**Dataset excerpts:**
+ + + + + + +

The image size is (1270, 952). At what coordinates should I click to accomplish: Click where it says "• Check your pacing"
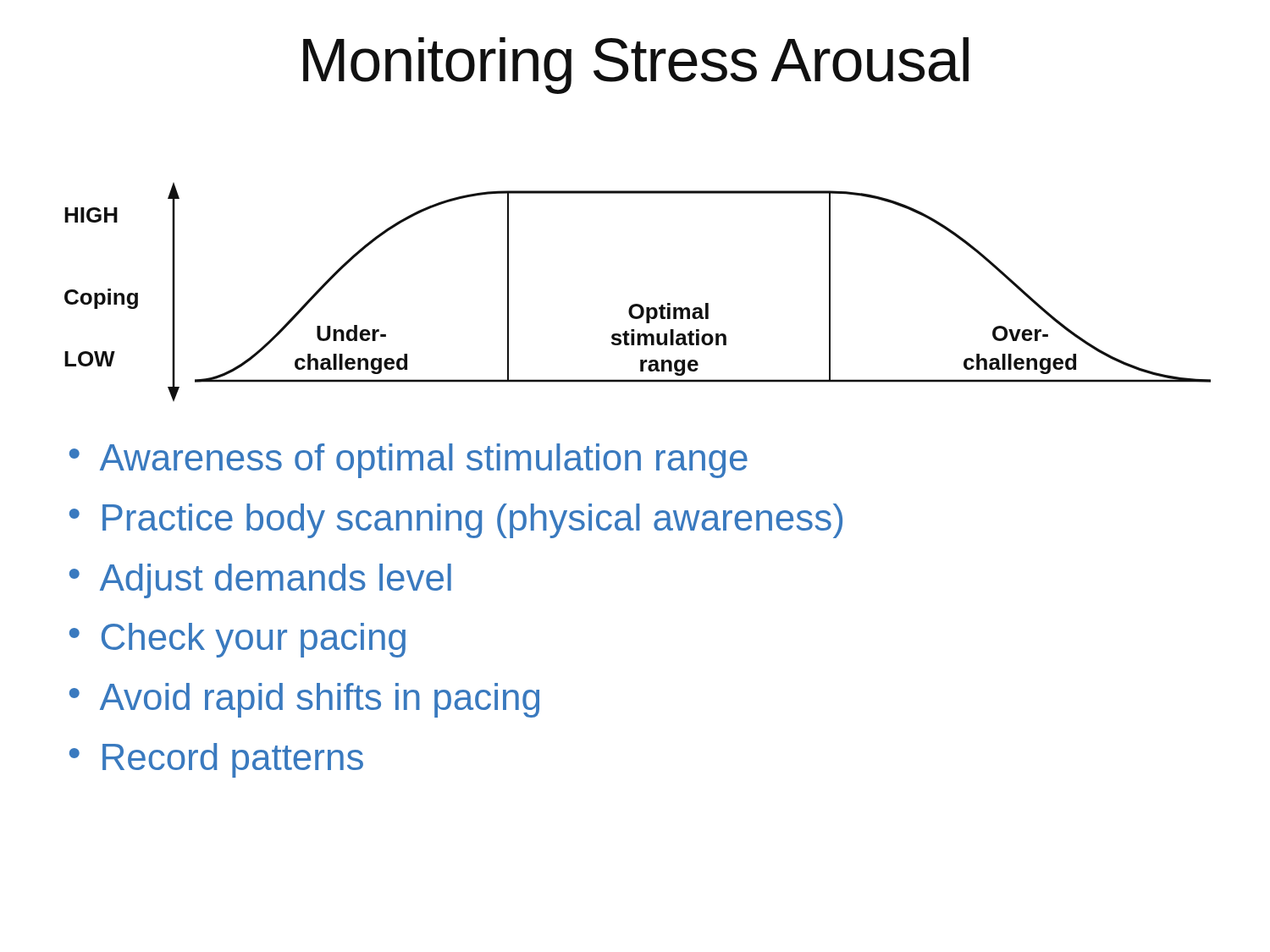(238, 638)
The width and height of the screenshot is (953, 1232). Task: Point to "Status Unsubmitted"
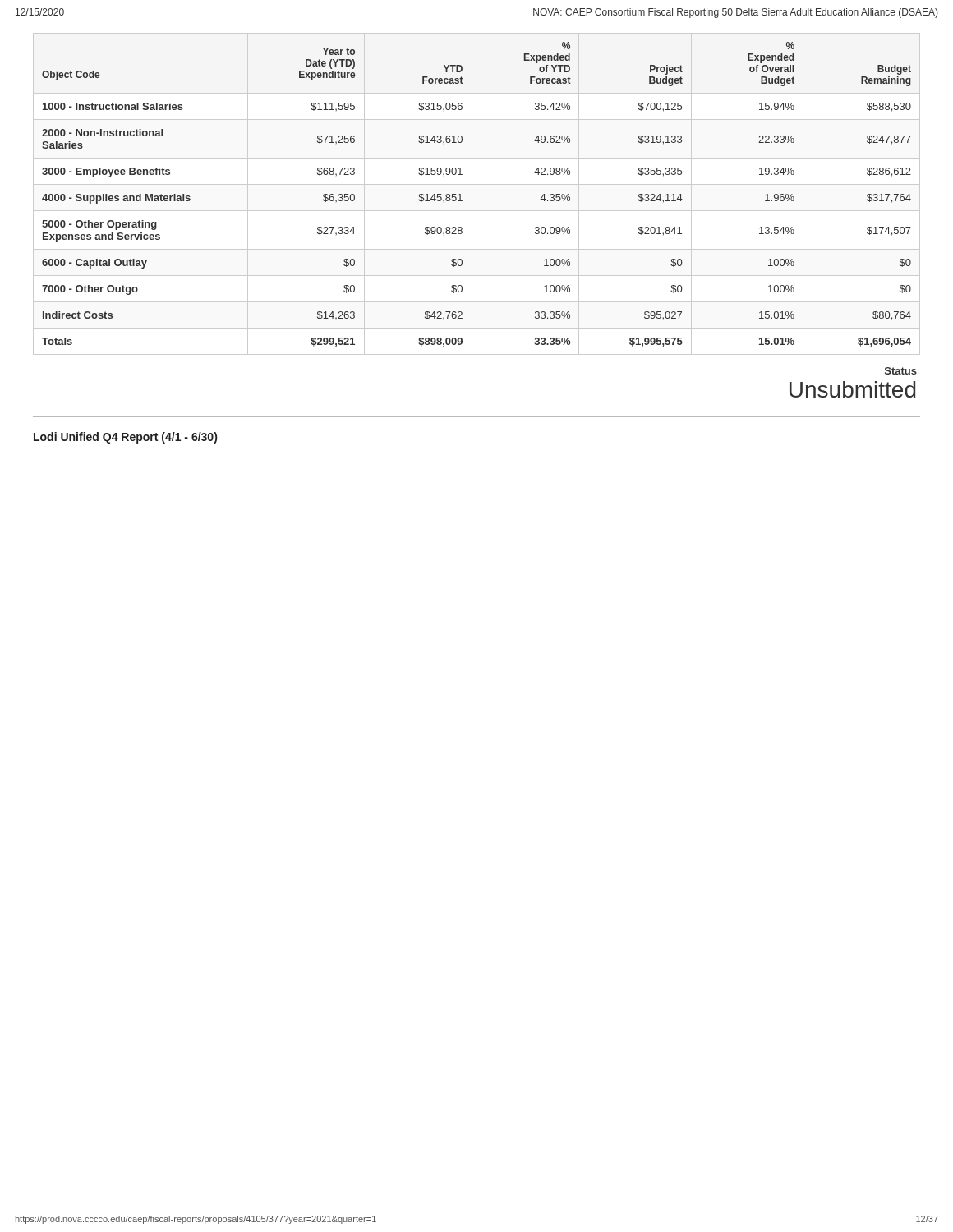point(901,371)
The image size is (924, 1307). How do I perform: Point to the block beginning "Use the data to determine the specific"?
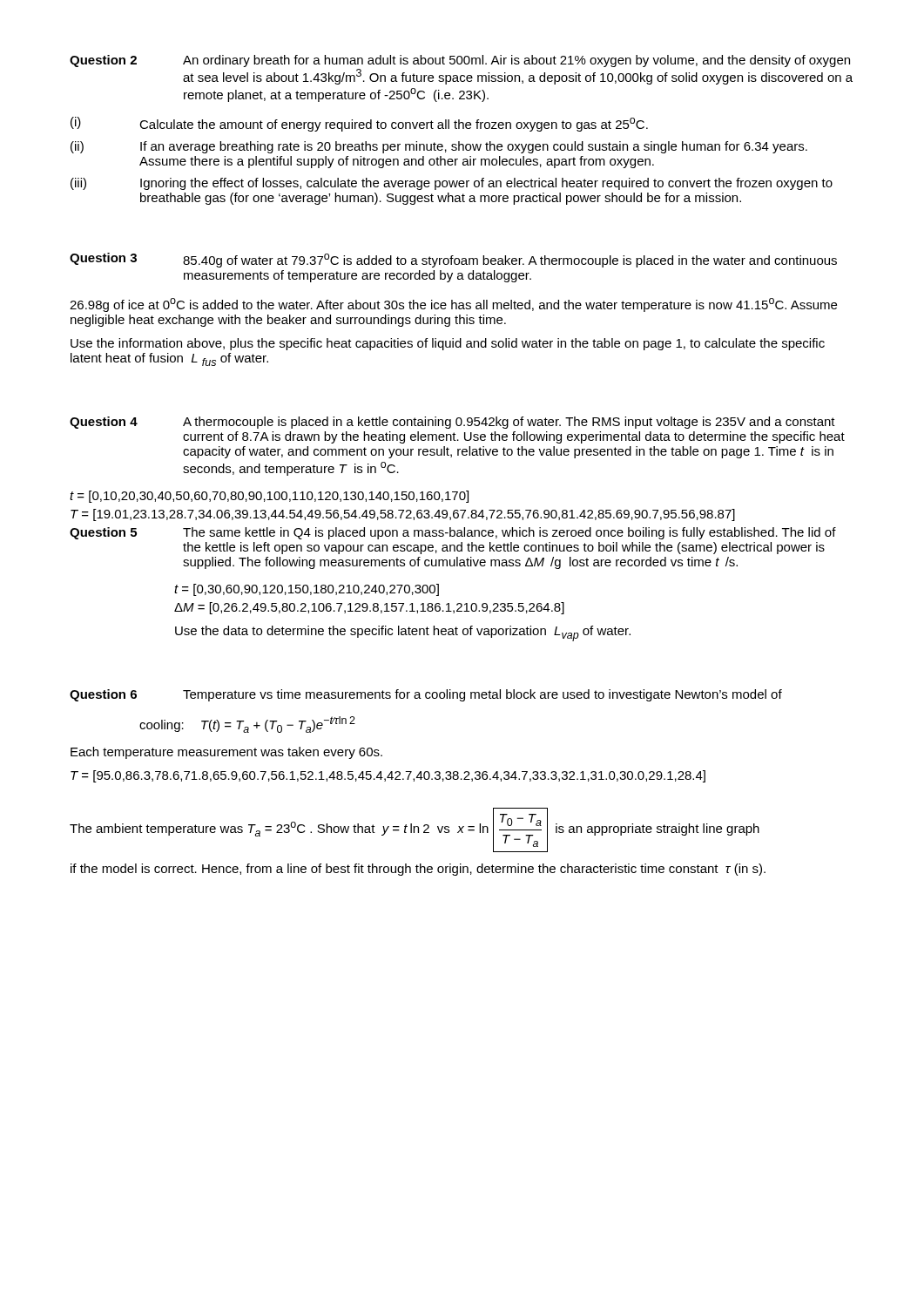(514, 632)

+ + + + + + +

**Task directions:**
Pictures stay out of this copy; write out the entries above exactly.

**Written response:**
The image size is (1270, 952). At what coordinates should I click to accomplish: Click where it says "• Check your pacing"
(238, 638)
The width and height of the screenshot is (953, 1232). Task: Point to "Status Unsubmitted"
point(901,371)
The image size is (924, 1307). How do I perform: Point to the block beginning "Use the data to determine the specific"?
(514, 632)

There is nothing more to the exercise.